Every year The World Series of Poker hosts the finals of the Texas hold ’em competition where the best poker players in the world compete for a multi-million-dollar purse.

Unlike most other poker hands, the players in Texas hold ’em get 2 down cards which they alone can see, and then 5 up cards, which can be used in every player’s hand.  Those up cards are turned over in 3 stages with betting on each turn. The turns are named for the betting drama they create; the first turn is 3 cards and is called the “flop”, the second turn is 1 card and is called the “turn”, and the final card is called the “river”.

Everyone Is Looking For “Tells” At The Poker Table

The skill of the players is a combination of reading the ‘tells” which is poker terminology for reading signs that opponents are holding winners, or bluffing, and the ability to calculate odds in their heads.   Most of the best players wear sunglasses because eyes provide the most reliable tells at the poker table.

The investment world today is like a Texas hold ’em tournament.  All parties have equal and instantaneous information.  Machine learning fueled by algorithms buttresses institutional traders and investors.  Like the flop, the turn, and the river, almost all investment professional insiders have perfect information. Even though they see their hands and counter-parties hands as well, the very best investors still look for the markets to give them a “tell”.

My Favorite Tell

I wrote a blog (You Know It Is A Market Top When???) in October of 2018, about companies borrowing money to buy back stock, and insiders selling into that liquidity as a sure “tell”. Insiders may not be prescient all the time, but that is the way I would bet if I only had only one piece of information.

Buffet’s Favorite Tell

A recent article in Market Watch “One Look At This And You Can Tell Why Warren Buffett Is Siting On An Unprecedented Pile of Cash”, talks about a reliable tell for the Wizard of Omaha:

“One reason may lie in this chart, a variant to what Buffett has described as the best single measure of where valuations stand at any given moment,” which was posted by Gary Evans of the Global Macro Monitor blog this week.”

Gary Evans Favorite Tell

Mr. Evans also has his own “tell”, which is the number of hourly earnings needed to buy the S&P500:

Another tell may be what is happening with bank debt and highly leveraged loans. The debacle in 2008 should have taught us the lesson that rating agencies are profit driven, and often short on rigorous credit analysis. When you are only betting your reputation, not your wallet, your credit opinion is for hire.  In fact, the real test is what owners of leveraged loans are doing.

Rating Agencies And Markets Diverge

According to a recent Article in Barron’s “The Riskiest Bank Loans Are Selling Off” by Alexandra Scaggs, the discount on leveraged bank loans (23%) is significantly higher than the 5.8% discount for the market’s lowest rated loans (CCC). The disconnect which may be another “tell”, is that at least 50% of the bank loans are supposed to have a significantly higher credit quality. Again, the market is saying something dramatically different than the rating agencies.

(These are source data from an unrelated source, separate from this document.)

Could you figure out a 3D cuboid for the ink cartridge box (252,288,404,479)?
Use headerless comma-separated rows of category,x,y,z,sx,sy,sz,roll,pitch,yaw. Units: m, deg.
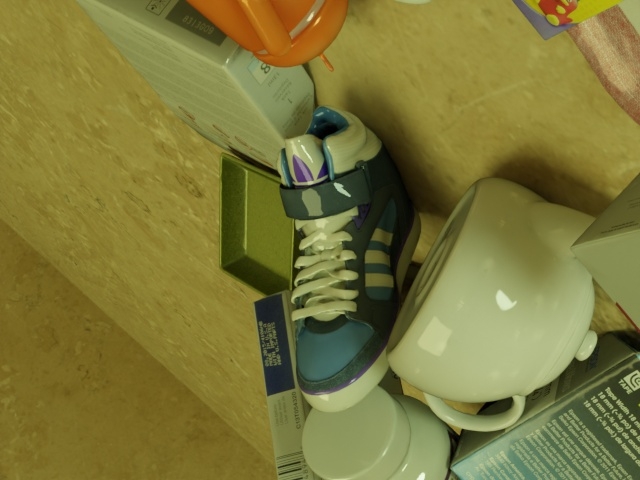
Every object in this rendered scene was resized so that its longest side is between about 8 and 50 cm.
ink cartridge box,0.033,0.260,1.527,0.330,0.072,0.324,31,-136,-58

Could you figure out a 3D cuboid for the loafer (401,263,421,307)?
loafer,0.153,0.118,1.402,0.133,0.130,0.366,55,156,-22

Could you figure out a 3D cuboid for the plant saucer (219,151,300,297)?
plant saucer,-0.077,-0.019,1.578,0.188,0.045,0.188,27,122,48

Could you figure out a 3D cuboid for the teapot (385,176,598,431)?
teapot,0.193,0.074,1.140,0.187,0.252,0.256,28,173,-1

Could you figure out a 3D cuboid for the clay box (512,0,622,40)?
clay box,0.189,-0.228,0.741,0.127,0.053,0.222,48,158,-10

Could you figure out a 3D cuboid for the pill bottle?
pill bottle,0.105,0.291,1.363,0.169,0.169,0.301,23,164,44

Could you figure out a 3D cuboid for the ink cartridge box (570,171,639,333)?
ink cartridge box,0.311,-0.013,0.834,0.128,0.176,0.127,49,160,-7

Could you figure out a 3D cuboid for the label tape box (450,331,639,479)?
label tape box,0.352,0.239,1.237,0.334,0.106,0.240,-38,97,29

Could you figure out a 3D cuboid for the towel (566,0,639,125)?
towel,0.263,-0.206,0.768,0.237,0.037,0.329,48,158,-7

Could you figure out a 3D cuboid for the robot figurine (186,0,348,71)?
robot figurine,-0.061,-0.256,1.096,0.219,0.128,0.158,36,174,-32

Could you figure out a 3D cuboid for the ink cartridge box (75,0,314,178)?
ink cartridge box,-0.121,-0.205,1.444,0.308,0.091,0.385,30,170,33

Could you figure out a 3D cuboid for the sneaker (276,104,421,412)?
sneaker,0.001,0.000,1.234,0.130,0.322,0.236,-9,133,34

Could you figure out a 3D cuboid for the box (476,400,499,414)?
box,0.284,0.274,1.470,0.153,0.108,0.207,38,157,17

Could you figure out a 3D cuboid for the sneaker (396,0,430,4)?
sneaker,0.054,-0.272,1.003,0.134,0.051,0.070,42,163,21
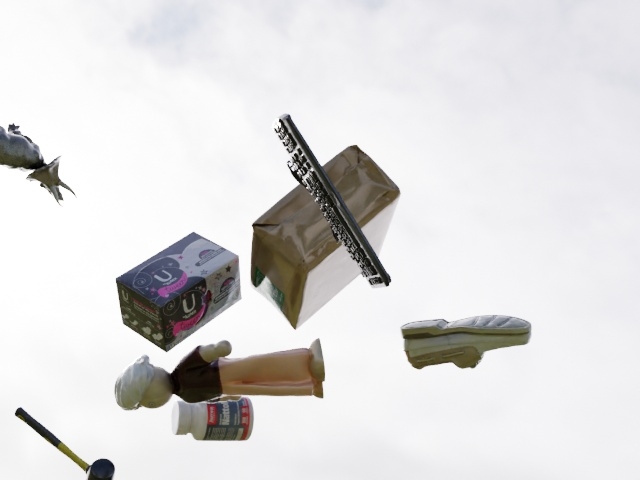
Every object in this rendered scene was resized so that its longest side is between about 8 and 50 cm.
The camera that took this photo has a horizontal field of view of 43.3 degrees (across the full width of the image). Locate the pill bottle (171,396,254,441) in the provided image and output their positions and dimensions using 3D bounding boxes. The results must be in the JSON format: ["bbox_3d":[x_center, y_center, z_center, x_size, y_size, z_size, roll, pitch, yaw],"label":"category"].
[{"bbox_3d":[-0.258,0.423,1.918,0.180,0.108,0.108,6,-37,-23],"label":"pill bottle"}]

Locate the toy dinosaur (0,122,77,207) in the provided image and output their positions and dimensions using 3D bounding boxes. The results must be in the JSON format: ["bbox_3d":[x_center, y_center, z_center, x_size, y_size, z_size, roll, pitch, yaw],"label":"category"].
[{"bbox_3d":[-0.645,-0.187,1.637,0.160,0.121,0.313,21,-5,42],"label":"toy dinosaur"}]

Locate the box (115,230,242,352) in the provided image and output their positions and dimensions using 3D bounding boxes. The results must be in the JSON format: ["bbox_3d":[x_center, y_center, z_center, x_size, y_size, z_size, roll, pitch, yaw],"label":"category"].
[{"bbox_3d":[-0.320,0.112,1.855,0.163,0.247,0.142,25,-47,31],"label":"box"}]

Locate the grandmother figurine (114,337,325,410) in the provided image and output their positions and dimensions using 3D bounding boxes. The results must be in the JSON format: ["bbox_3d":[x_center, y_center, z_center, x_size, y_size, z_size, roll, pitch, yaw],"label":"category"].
[{"bbox_3d":[-0.166,0.226,1.326,0.342,0.104,0.208,-6,-44,-6],"label":"grandmother figurine"}]

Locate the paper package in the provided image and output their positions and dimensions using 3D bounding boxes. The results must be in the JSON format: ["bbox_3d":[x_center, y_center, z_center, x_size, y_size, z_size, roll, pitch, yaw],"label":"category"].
[{"bbox_3d":[0.000,0.000,1.791,0.168,0.309,0.325,44,-23,16],"label":"paper package"}]

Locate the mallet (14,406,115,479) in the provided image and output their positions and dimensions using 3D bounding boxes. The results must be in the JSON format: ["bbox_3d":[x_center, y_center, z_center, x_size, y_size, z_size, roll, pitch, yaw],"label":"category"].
[{"bbox_3d":[-0.380,0.313,1.189,0.189,0.039,0.062,27,-55,20],"label":"mallet"}]

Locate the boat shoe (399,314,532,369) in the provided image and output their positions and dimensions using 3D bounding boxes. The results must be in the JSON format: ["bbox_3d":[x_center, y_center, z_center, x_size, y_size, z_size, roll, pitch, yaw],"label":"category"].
[{"bbox_3d":[0.326,0.229,1.789,0.302,0.113,0.103,-6,-84,33],"label":"boat shoe"}]

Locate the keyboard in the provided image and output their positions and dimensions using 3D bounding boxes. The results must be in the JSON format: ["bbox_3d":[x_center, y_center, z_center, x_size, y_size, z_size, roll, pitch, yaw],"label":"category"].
[{"bbox_3d":[0.011,-0.058,1.324,0.033,0.317,0.201,-31,1,-5],"label":"keyboard"}]

In any event, equity investors have seen the flop, the turn, and the river, and still are ignoring the “tells” and have pushed all their chips into the center of the poker table and declared they are “all in”, (which means they are betting it all). As Gary Evans puts it, “they are sustained by thematic delusions whether it is the magic of QE, artificial intelligence, or cessation of trade wars with China.”

Another of my favorite “tell” is when my brother, the landscape architect, starts giving me investment advice. In 2001, I sold everything when he told me a great strategy was “buy companies that have just split their stock- they always go up.” If you don’t have reliable family member or friend, you can probably count on Warren Buffet getting it mostly right.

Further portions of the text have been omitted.